Task goal –
Drop the images; return everything else in the listing below exactly.

Supplied material –
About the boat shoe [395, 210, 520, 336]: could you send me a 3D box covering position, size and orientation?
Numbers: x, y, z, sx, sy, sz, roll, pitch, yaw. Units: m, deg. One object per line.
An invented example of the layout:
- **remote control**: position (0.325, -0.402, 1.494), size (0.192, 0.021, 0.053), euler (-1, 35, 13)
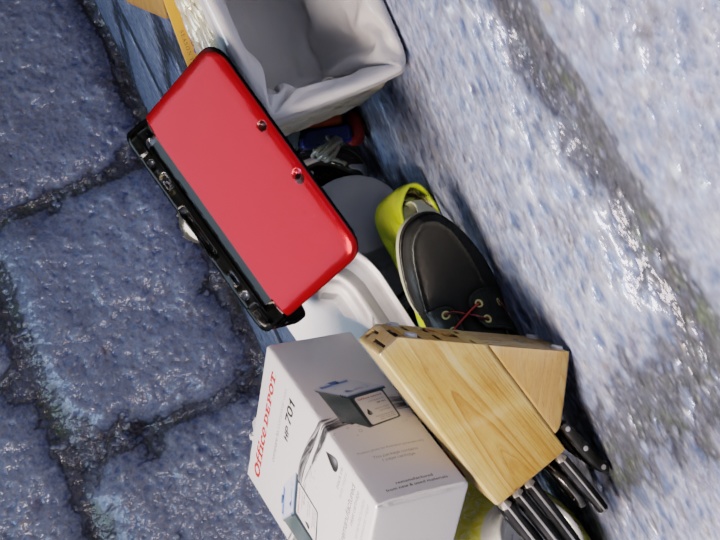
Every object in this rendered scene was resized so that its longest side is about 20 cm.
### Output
- **boat shoe**: position (0.090, 0.045, 1.052), size (0.063, 0.074, 0.201), euler (-151, 37, -78)

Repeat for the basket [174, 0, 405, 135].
- **basket**: position (-0.071, -0.213, 1.077), size (0.200, 0.136, 0.123), euler (65, 161, 5)

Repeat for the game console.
- **game console**: position (-0.084, -0.063, 1.071), size (0.200, 0.119, 0.172), euler (55, -171, 5)

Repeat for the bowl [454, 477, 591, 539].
- **bowl**: position (0.128, 0.247, 1.092), size (0.200, 0.200, 0.108), euler (61, 145, 25)

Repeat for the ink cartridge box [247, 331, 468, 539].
- **ink cartridge box**: position (-0.009, 0.167, 1.050), size (0.200, 0.086, 0.147), euler (48, 138, 45)

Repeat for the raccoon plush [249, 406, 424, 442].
- **raccoon plush**: position (0.001, 0.202, 1.205), size (0.097, 0.200, 0.134), euler (107, 153, -43)

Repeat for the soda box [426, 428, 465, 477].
- **soda box**: position (0.117, 0.190, 1.262), size (0.200, 0.068, 0.064), euler (63, 169, 18)

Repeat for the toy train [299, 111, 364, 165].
- **toy train**: position (-0.043, -0.171, 1.257), size (0.200, 0.085, 0.116), euler (-145, 45, -70)

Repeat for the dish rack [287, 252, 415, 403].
- **dish rack**: position (-0.016, 0.057, 1.189), size (0.200, 0.044, 0.172), euler (2, 129, 58)

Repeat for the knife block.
- **knife block**: position (0.093, 0.136, 0.998), size (0.064, 0.200, 0.176), euler (-156, 72, -74)

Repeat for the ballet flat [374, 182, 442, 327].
- **ballet flat**: position (0.073, 0.010, 1.122), size (0.067, 0.067, 0.200), euler (-51, 58, 46)

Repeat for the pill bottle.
- **pill bottle**: position (0.000, 0.000, 1.281), size (0.120, 0.120, 0.200), euler (60, 168, 30)

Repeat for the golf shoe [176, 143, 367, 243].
- **golf shoe**: position (-0.088, -0.078, 1.305), size (0.094, 0.200, 0.078), euler (-131, 19, -73)

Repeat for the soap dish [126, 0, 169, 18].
- **soap dish**: position (-0.166, -0.344, 1.259), size (0.081, 0.157, 0.200), euler (50, 165, 17)

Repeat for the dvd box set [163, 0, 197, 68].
- **dvd box set**: position (-0.132, -0.198, 1.196), size (0.146, 0.029, 0.200), euler (18, -128, -79)

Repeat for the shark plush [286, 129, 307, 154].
- **shark plush**: position (-0.086, -0.181, 1.185), size (0.091, 0.083, 0.200), euler (-28, 60, 48)

Result –
About the boat shoe [395, 210, 520, 336]: could you send me a 3D box covering position, size and orientation?
Numbers: x, y, z, sx, sy, sz, roll, pitch, yaw. Units: m, deg. One object per line.
An invented example of the layout:
- **remote control**: position (0.325, -0.402, 1.494), size (0.192, 0.021, 0.053), euler (-1, 35, 13)
Every object in this rendered scene was resized so that its longest side is about 20 cm.
### Output
- **boat shoe**: position (0.090, 0.045, 1.052), size (0.063, 0.074, 0.201), euler (-151, 37, -78)

Repeat for the basket [174, 0, 405, 135].
- **basket**: position (-0.071, -0.213, 1.077), size (0.200, 0.136, 0.123), euler (65, 161, 5)

Repeat for the game console.
- **game console**: position (-0.084, -0.063, 1.071), size (0.200, 0.119, 0.172), euler (55, -171, 5)

Repeat for the bowl [454, 477, 591, 539].
- **bowl**: position (0.128, 0.247, 1.092), size (0.200, 0.200, 0.108), euler (61, 145, 25)

Repeat for the ink cartridge box [247, 331, 468, 539].
- **ink cartridge box**: position (-0.009, 0.167, 1.050), size (0.200, 0.086, 0.147), euler (48, 138, 45)

Repeat for the raccoon plush [249, 406, 424, 442].
- **raccoon plush**: position (0.001, 0.202, 1.205), size (0.097, 0.200, 0.134), euler (107, 153, -43)

Repeat for the soda box [426, 428, 465, 477].
- **soda box**: position (0.117, 0.190, 1.262), size (0.200, 0.068, 0.064), euler (63, 169, 18)

Repeat for the toy train [299, 111, 364, 165].
- **toy train**: position (-0.043, -0.171, 1.257), size (0.200, 0.085, 0.116), euler (-145, 45, -70)

Repeat for the dish rack [287, 252, 415, 403].
- **dish rack**: position (-0.016, 0.057, 1.189), size (0.200, 0.044, 0.172), euler (2, 129, 58)

Repeat for the knife block.
- **knife block**: position (0.093, 0.136, 0.998), size (0.064, 0.200, 0.176), euler (-156, 72, -74)

Repeat for the ballet flat [374, 182, 442, 327].
- **ballet flat**: position (0.073, 0.010, 1.122), size (0.067, 0.067, 0.200), euler (-51, 58, 46)

Repeat for the pill bottle.
- **pill bottle**: position (0.000, 0.000, 1.281), size (0.120, 0.120, 0.200), euler (60, 168, 30)

Repeat for the golf shoe [176, 143, 367, 243].
- **golf shoe**: position (-0.088, -0.078, 1.305), size (0.094, 0.200, 0.078), euler (-131, 19, -73)

Repeat for the soap dish [126, 0, 169, 18].
- **soap dish**: position (-0.166, -0.344, 1.259), size (0.081, 0.157, 0.200), euler (50, 165, 17)

Repeat for the dvd box set [163, 0, 197, 68].
- **dvd box set**: position (-0.132, -0.198, 1.196), size (0.146, 0.029, 0.200), euler (18, -128, -79)

Repeat for the shark plush [286, 129, 307, 154].
- **shark plush**: position (-0.086, -0.181, 1.185), size (0.091, 0.083, 0.200), euler (-28, 60, 48)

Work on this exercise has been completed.